Yao Ming has returned from injury to compete for the first time in 5 months just weeks ahead of the Olympic Games in his home country. However in the same week the groups for the Olympic basketball competition have been announced and Yao’s China team will face an extremely strong line up to qualify for the quarter finals.

Yao made his come back at a tournament in Hangzhou where China narrowly lost to one of their rivals in Group B, Angola. The other teams to make up Group B will be the USA, Germany, Greece and Spain – four of the six will make it through to the next round.

The Olympic basketball event will be kicked off by the huge clash between China and USA on 10th August. Bob would hate to speculate on how much those tickets could fetch…

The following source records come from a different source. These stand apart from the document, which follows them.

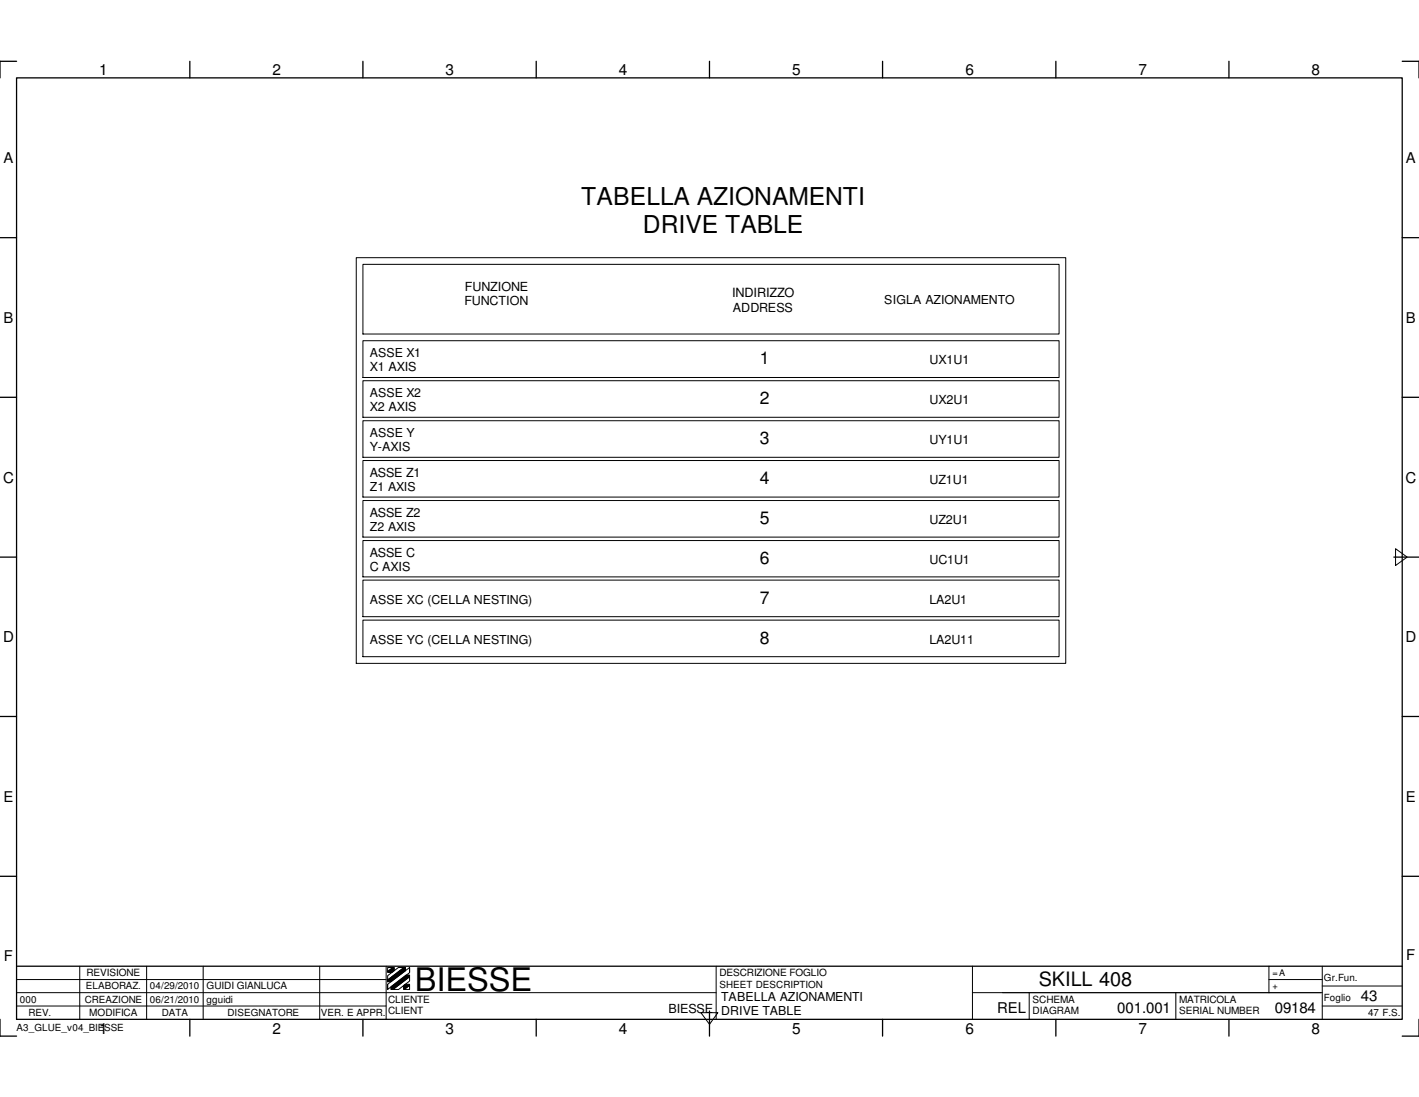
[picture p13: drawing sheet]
<svg xmlns="http://www.w3.org/2000/svg" width="279mm" height="216mm" viewBox="0 0 279 216" stroke-linecap="round" stroke-linejoin="round" font-family="sans-serif">
<defs><g id="words">
<text font-size="6.4" x="81.7" y="195.1">BIESSE</text>
<g font-size="4.8">
<text x="114.4" y="40.3">TABELLA AZIONAMENTI</text>
<text x="126.6" y="45.8">DRIVE TABLE</text>
</g>
<text font-size="3.9" x="204.6" y="194.1">SKILL 408</text>
<g font-size="3.4">
<text x="149.6" y="71.7">1</text>
<text x="149.6" y="79.5">2</text>
<text x="149.6" y="87.4">3</text>
<text x="149.6" y="95.2">4</text>
<text x="149.6" y="103.1">5</text>
<text x="149.6" y="111">6</text>
<text x="149.6" y="118.8">7</text>
<text x="149.6" y="126.7">8</text>
</g>
<g font-size="3">
<text x="19.5" y="14.7">1</text>
<text x="53.6" y="14.7">2</text>
<text x="87.7" y="14.7">3</text>
<text x="121.8" y="14.7">4</text>
<text x="156" y="14.7">5</text>
<text x="190.1" y="14.7">6</text>
<text x="224.2" y="14.7">7</text>
<text x="258.2" y="14.7">8</text>
<text x=".6" y="95">C</text>
<text x="276.7" y="95">C</text>
<text x=".6" y="126.4">D</text>
<text x="276.7" y="126.4">D</text>
<text x="267.9" y="197">43</text>
<text x="19.5" y="203.5">1</text>
<text x="53.6" y="203.5">2</text>
<text x="87.7" y="203.5">3</text>
<text x="121.8" y="203.5">4</text>
<text x="156" y="203.5">5</text>
<text x="190.1" y="203.5">6</text>
<text x="220" y="199.3">001.001</text>
<text x="224.2" y="203.5">7</text>
<text x="251" y="199.3">09184</text>
<text x="258.2" y="203.5">8</text>
</g>
<g font-size="2.9">
<text x=".7" y="32.1">A</text>
<text x="276.8" y="32.1">A</text>
<text x=".7" y="63.5">B</text>
<text x="276.8" y="63.5">B</text>
<text x=".7" y="157.9">E</text>
<text x="276.8" y="157.9">E</text>
<text x=".8" y="189.2">F</text>
<text x="276.9" y="188.9">F</text>
<text x="196.3" y="199.3">REL</text>
</g>
<g font-size="2.5">
<text x="91.5" y="57.3">FUNZIONE</text>
<text x="144.1" y="58.5">INDIRIZZO</text>
<text x="91.4" y="60">FUNCTION</text>
<text x="144.3" y="61.3">ADDRESS</text>
<text x="183" y="71.7">UX1U1</text>
<text x="72.8" y="73.1">X1 AXIS</text>
<text x="72.8" y="81">X2 AXIS</text>
<text x="183" y="79.5">UX2U1</text>
<text x="72.8" y="88.9">Y-AXIS</text>
<text x="183" y="87.4">UY1U1</text>
<text x="72.8" y="93.9">ASSE Z1</text>
<text x="183" y="95.2">UZ1U1</text>
<text x="72.8" y="101.8">ASSE Z2</text>
<text x="183" y="103.1">UZ2U1</text>
<text x="72.8" y="109.6">ASSE C</text>
<text x="72.8" y="112.4">C AXIS</text>
<text x="183" y="111">UC1U1</text>
<text x="183" y="118.8">LA2U1</text>
<text x="183" y="126.7">LA2U11</text>
<text x="131.6" y="199.3">BIESSE</text>
</g>
<g font-size="2.4">
<text x="174.1" y="59.9">SIGLA AZIONAMENTO</text>
<text x="72.8" y="70.4">ASSE X1</text>
<text x="72.8" y="78.2">ASSE X2</text>
<text x="72.8" y="86.1">ASSE Y</text>
<text x="72.8" y="96.7">Z1 AXIS</text>
<text x="72.8" y="104.6">Z2 AXIS</text>
<text x="72.8" y="118.8">ASSE XC (CELLA NESTING)</text>
<text x="72.8" y="126.7">ASSE YC (CELLA NESTING)</text>
<text x="142" y="197">TABELLA AZIONAMENTI</text>
<text x="142" y="199.8">DRIVE TABLE</text>
</g>
<g font-size="2">
<text x="17" y="192.1">REVISIONE</text>
<text x="40.6" y="194.7">GUIDI GIANLUCA</text>
<text x="76.4" y="197.4">CLIENTE</text>
<text x="141.6" y="192.1">DESCRIZIONE FOGLIO</text>
<text x="203.3" y="197.4">SCHEMA</text>
<text x="232.2" y="197.4">MATRICOLA</text>
<text x="17.6" y="200">MODIFICA</text>
<text x="76.4" y="199.6">CLIENT</text>
<text x="203.3" y="199.6">DIAGRAM</text>
<text x="232.2" y="199.6">SERIAL NUMBER</text>
</g>
<g font-size="1.9">
<text x="3.9" y="197.4">000</text>
<text x="16.7" y="197.4">CREAZIONE</text>
<text x="16.9" y="194.7">ELABORAZ.</text>
<text x="29.5" y="194.7">04/29/2010</text>
<text x="29.5" y="197.4">06/21/2010</text>
<text x="40.6" y="197.4">gguidi</text>
<text x="141.6" y="194.4">SHEET DESCRIPTION</text>
<text x="260.7" y="197">Foglio</text>
<text x="260.7" y="193.1">Gr.Fun.</text>
<text x="3.3" y="202.9">A3_GLUE_v04_BIESSE</text>
<text x="5.6" y="200">REV.</text>
<text x="31.8" y="200">DATA</text>
<text x="44.8" y="200">DISEGNATORE</text>
<text x="63.2" y="200">VER. E APPR.</text>
<text x="269.4" y="200">47 F.S.</text>
</g>
<g font-size="1.8">
<text x="250.5" y="192.1">=A</text>
<text x="250.5" y="194.7">+</text>
</g>
</g></defs>
<g fill="none" stroke="#000" stroke-width=".25">
<path d="M3.3 15.3h272.8v185.3h-272.8zM3.3 12.1h-3.3v3.2M37.4 12.1v3.2M71.5 12.1v3.2M105.6 12.1v3.2M139.7 12.1v3.2M173.8 12.1v3.2M207.9 12.1v3.2M242 12.1v3.2M276.1 12.1h3.3v3.2M0 46.8h3.3M276.1 46.8h3.3"/>
<path d="M0 78.2h3.3M276.1 78.2h3.3M0 109.6h3.3M274.4 109.6h5M0 141h3.3M276.1 141h3.3M0 172.5h3.3M276.1 172.5h3.3M3.3 190.2h272.8M139.7 199v4.9M0 200.6v3.3h3.3M37.4 200.6v3.3"/>
<path d="M71.5 200.6v3.3M105.6 200.6v3.3M173.8 200.6v3.3M207.9 200.6v3.3M242 200.6v3.3M279.4 200.6v3.3h-3.3"/>
</g>
<g fill="none" stroke="#000" stroke-width=".2">
<path d="M70.1 50.7h139.7v79.9h-139.7zM71.5 52h137v13.7h-137zM71.5 67.1h137v7.2h-137zM71.5 74.9h137v7.2h-137zM71.5 82.8h137v7.2h-137zM71.5 90.6h137v7.2h-137zM71.5 98.5h137v7.2h-137zM71.5 106.4h137v7.1h-137zM71.5 114.2h137v7.2h-137zM274.8 108l2.3 1.6-2.3 1.7zM71.5 122h137v7.2h-137zM3.3 195.4h137.7"/>
<path d="M3.3 198h72.7M3.3 192.8h72.7M15.7 190.2v10.4M28.9 190.2v10.4M40 190.2v10.4M62.9 190.2v10.4M76 190.2v10.4M76.3 192.9l3.2-2.5h.3v.7l-2.8 2.1h-.7zM76.3 191.2l1-.8h.3v.6l-.4 .4h-.9zM76.3 193.7l4.3-3.3v1l-4.3 3.3zM76.3 192l2.1-1.6h1.1l-3.2 2.5zM76.3 190.4h1l-1 .8z"/>
<path d="M76.3 192.9v.4M76.3 193.7v1M77 194.2l3-2.3h.6v.3l-3.2 2.5h-.4zM77.4 194.7l3.2-2.5v.9l-2.1 1.6zM79.5 194l.3-.3h.8v.2l-1 .8h-.1zM79.6 194.7l1-.8v.8zM80.6 190.4v1M138 199.3h3.4l-1.7 2.3zM141 190.2v10.4M191.5 195.4h68.8M191.5 190.2v10.4M202.6 195.4v5.2"/>
<path d="M231.5 195.4v5.2M249.9 192.8h10.4M249.9 190.2v5.2M260.3 190.2v10.4M260.3 198h15.8M260.3 194.1h15.8"/>
</g>
<g fill="#000">
<path d="M76.3 191.2l1-.8h.3v.6l-.4 .4h-.9z" fill-rule="evenodd"/>
<path d="M77 194.2l3-2.3h.6v.3l-3.2 2.5h-.4z" fill-rule="evenodd"/>
<path d="M76.3 192.9l3.2-2.5h.3v.7l-2.8 2.1h-.7z" fill-rule="evenodd"/>
<path d="M79.5 194l.3-.3h.8v.2l-1 .8h-.1z" fill-rule="evenodd"/>
</g>
<use href="#words"/>
</svg>

Teaching in a middle school in China there was one sport that clearly dominated above all others, and it was not ping pong! The baggy shorts, the rows of hoops in the playground, the English names like Kobe and LeBron; basketball may as well be China’s national sport. And Yao is their greatest star – huge in physique, fame and respect Yao’s popularity is rivalled only by that of Liu Xiang within China and his return will have doubled the price of the China v USA game alone.

The update on Yao’s injury from China’s head coach Jonas Kazlausk is:

“Yao still cannot play a full game because of his foot injury. I exchange information about his injury with his doctor as much as I can. I hope he’ll take the full recovery at the Olympics.”

Of the Olympic Group B challenge Yao also talks a good game (via China Daily):

“I am very sure we can beat Angola. We lost to them in Hangzhou, but we were not in our best shape last week,” he said. “Their players are not very competitive, and I don’t think they are able to pose us any real threat at the Games.

“We are not afraid of Germany either. Yi Jianlian has improved tremendously after playing one season in the NBA and he can limit Nowitzki. And I can take care of Chris Kaman.”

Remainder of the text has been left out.